Auswirkungen auf Marken

Das Verständnis der kulturellen Nuancen von abstrakten Konzepten wie „Glück“ bietet globalen Marken die Möglichkeit, ihre Botschaften mit mehr Resonanz und Wirkung zu gestalten. Wenn es um Glück geht, können sich Marken drei Fragen stellen:

WELCHE Art von Glück?

Seien Sie sich der kulturellen Dimension bewusst, wie Glück wahrgenommen und erlebt wird. Während westliche Kulturen das Glück der individuellen Leistung betonen, erleben östliche Kulturen das größte Glück im Gefühl der Verbundenheit und des Gleichgewichts. Vergewissern Sie sich, dass Ihre eigene kulturelle Voreingenommenheit das Verständnis nicht trübt.

WELCHE ART VON GLÜCK?

Welche Art von Glück ist für diese Zeit, diesen Ort und diesen Anlass geeignet und relevant? Sollte Ihre Marke eine Art des Glücks mit hoher Erregung oder eine Art des Glücks mit niedriger Erregung repräsentieren?

Eine Marke für Inneneinrichtungen, mit der ich in Japan zusammengearbeitet habe, stellte in ihrer Kommunikation helle Innenräume und energiereiche Momente der Freude dar, was für die Verbraucher, die ihr Zuhause als einen Ort mit niedriger Energie wahrnehmen, an dem sie ein Gefühl des Gleichgewichts und der Erholung wiedererlangen können, nicht stimmig war.
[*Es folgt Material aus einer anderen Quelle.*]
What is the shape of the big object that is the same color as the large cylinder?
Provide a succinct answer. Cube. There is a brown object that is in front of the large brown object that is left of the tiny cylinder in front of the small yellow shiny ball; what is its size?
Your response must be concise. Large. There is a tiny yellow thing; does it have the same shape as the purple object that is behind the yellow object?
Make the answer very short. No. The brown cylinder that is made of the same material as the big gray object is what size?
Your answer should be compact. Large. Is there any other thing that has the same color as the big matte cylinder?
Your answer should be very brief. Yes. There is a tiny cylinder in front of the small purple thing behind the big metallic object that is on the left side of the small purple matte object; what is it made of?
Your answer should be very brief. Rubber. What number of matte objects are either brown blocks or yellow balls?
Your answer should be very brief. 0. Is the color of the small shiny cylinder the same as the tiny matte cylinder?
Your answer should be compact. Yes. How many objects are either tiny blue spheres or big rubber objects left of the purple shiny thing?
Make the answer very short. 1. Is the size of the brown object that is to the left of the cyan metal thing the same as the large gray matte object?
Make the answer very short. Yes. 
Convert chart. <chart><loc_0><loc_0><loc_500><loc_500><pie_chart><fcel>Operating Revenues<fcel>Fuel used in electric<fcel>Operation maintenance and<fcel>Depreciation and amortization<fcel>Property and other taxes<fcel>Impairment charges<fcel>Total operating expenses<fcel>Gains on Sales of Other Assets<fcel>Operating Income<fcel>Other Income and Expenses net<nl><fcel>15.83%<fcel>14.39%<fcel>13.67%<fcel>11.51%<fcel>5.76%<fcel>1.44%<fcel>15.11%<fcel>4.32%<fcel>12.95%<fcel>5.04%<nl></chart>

Gemeinsam haben wir ihre Positionierung und Kommunikation neu interpretiert, um eine größere Resonanz und Wirkung im japanischen kulturellen Kontext zu erzielen.

Können Sie Freude entfachen?

Das Verständnis der Komplexität von Emotionen wie Glück ermöglicht es Marken, über die Oberfläche hinauszugehen und das anzuzapfen, was darunter liegt, um „Freude zu entfachen“ – um ein Gefühl der Verbundenheit zu vermitteln, zu erheben und zu ermutigen.